I will go further about the appeal of natural wine. Perceived healthfulness is important, but authenticity and a spirit of unpretentious fun are the most crucial elements. If boomers portrayed wine as a reward of what Robert Mondavi used to call the “good life,” — epitomized by prosperity, bucolic surroundings and abundant leisure time — natural wine is seen as a feature of any life. It’s a staple of daily living rather than an aspirational symbol.
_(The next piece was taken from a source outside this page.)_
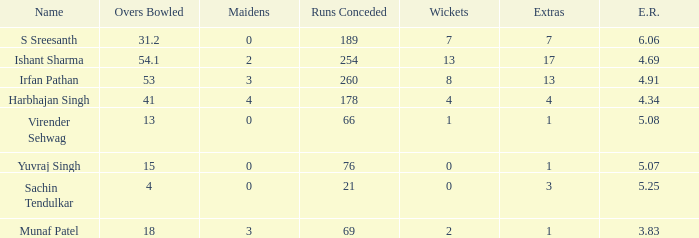Name the name for when overs bowled is 31.2 S Sreesanth. 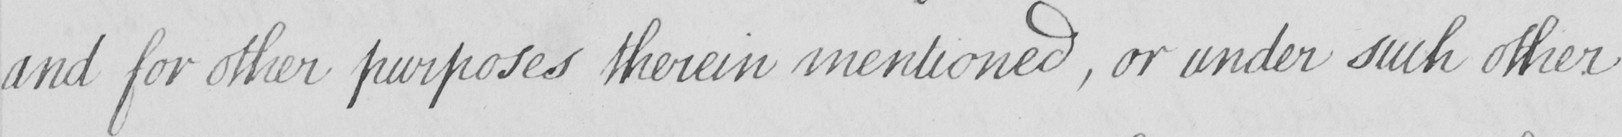What does this handwritten line say? and for other purposes therein mentioned , or under such other 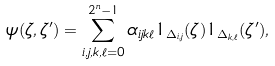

Mr. McMillan suggested an ideal sales pitch for wine: “Our wine is made from organically farmed grapes and contains natural yeast, natural and added sulfites for freshness and less than 1 percent residual sugar from the harvested grapes. A five-ounce serving has 140 calories.”

This pitch is attractive. It lacks only one element: price. I can guarantee that few, if any, West Coast wines farmed organically and made with natural yeast will sell for under $15, a price that, even if younger consumers are buying luxury goods, is essential for drawing in new consumers.

Back in the early days of the pandemic, I recommended 15 wines all under $15 a bottle. Only two were American: one from the Finger Lakes of New York and the other from Oregon. In my regular 20 Under $20 columns, it’s increasingly difficult to include West Coast wines without repeating past selections.

Plenty of inexpensive American wines are out there, of course. But for the most part, they are not particularly good and the winemakers find it difficult to compete with imports, particularly from historic wine-producing regions.

The reasons are clear, in my opinion. Land, especially on the West Coast, and labor are more expensive in the United States, particularly in places appropriate for making wine. Much of the inexpensive wine in California comes from the Central Valley, a hot, flat expanse devoted to quantity over quality. Many of the wines made there are mass-produced, inexpensive knockoffs of higher-status wines.

Consumers looking for American wines might see expensive, labor-intensive cabernet sauvignons, chardonnays and pinot noirs made to exacting standards from Napa and Sonoma, for example, and inexpensive cabernets, chardonnays and pinot noirs made with technology and artifice to mimic the expensive bottles.

By contrast, Europe is full of family-run wine businesses in little-known appellations growing unknown grapes that are well suited to the land. These wines express heritage and tradition, and can often be produced at lower costs than American wines of similar quality.

But they are at a disadvantage. If young people, or anybody, really, with little experience in wine, want to order a glass of wine in a restaurant, they are more likely to order a glass of familiar chardonnay, or even a mass-produced Italian pinot grigio, rather than, say, a grillo from Sicily or a baga from Bairrada in Portugal.

As a result, Americans might be paying $15 to $20 for a mediocre glass of wine, which is sad, as wines by the glass are a perfect introductory opportunity. Or, that money might go toward a world-class cocktail or craft beer, which represent better values.

The American wine industry is eminently capable of producing good, distinctive and moderately priced wine. It will come from lesser-known regions with little-known grapes. Small producers in California do it every year, though it’s hard for them to sell their bottles for $15 or less. Unfortunately, they are the exception.

Wine, like network television in a streaming world, will probably never play the same central role for younger consumers as it has with older people. But it can do better.